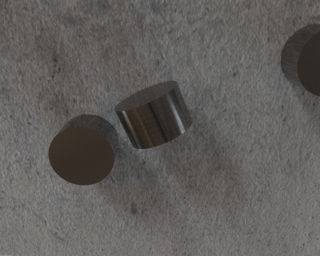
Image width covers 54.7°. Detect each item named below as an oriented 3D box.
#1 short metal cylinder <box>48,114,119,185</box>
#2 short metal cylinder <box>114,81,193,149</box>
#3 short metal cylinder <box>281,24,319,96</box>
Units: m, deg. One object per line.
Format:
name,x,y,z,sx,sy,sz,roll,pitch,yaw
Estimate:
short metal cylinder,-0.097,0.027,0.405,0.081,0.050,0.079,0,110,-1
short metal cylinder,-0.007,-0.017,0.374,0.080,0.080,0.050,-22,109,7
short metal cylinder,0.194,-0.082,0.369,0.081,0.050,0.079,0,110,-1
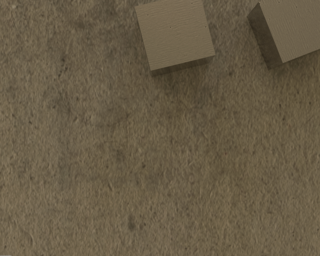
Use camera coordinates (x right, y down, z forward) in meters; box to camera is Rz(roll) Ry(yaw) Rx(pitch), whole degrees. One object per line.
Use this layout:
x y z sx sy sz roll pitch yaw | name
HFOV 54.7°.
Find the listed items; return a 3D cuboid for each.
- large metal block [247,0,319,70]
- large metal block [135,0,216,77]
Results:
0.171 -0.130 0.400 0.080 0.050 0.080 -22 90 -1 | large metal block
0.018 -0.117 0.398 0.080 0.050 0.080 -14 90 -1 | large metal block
******************************
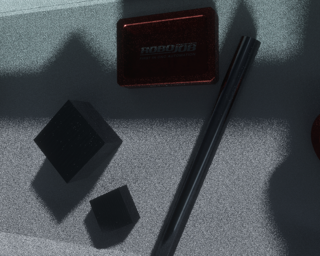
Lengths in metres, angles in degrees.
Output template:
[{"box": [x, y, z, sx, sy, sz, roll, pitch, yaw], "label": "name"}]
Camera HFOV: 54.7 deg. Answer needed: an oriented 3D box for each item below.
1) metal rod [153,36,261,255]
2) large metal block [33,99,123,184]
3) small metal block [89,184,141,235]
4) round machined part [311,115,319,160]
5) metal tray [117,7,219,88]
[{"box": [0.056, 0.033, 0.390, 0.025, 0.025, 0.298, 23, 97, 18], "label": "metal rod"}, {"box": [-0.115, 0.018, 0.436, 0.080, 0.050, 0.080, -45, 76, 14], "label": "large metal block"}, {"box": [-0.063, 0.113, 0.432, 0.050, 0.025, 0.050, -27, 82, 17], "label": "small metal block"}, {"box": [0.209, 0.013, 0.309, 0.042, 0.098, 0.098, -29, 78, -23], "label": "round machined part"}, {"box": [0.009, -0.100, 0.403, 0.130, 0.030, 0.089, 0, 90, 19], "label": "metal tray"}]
******************************
The task →
Output the lines of the records above exactly as they appear, from the line containing "2) large metal block [33,99,123,184]" through the line containing "4) round machined part [311,115,319,160]".

Finished exercise →
2) large metal block [33,99,123,184]
3) small metal block [89,184,141,235]
4) round machined part [311,115,319,160]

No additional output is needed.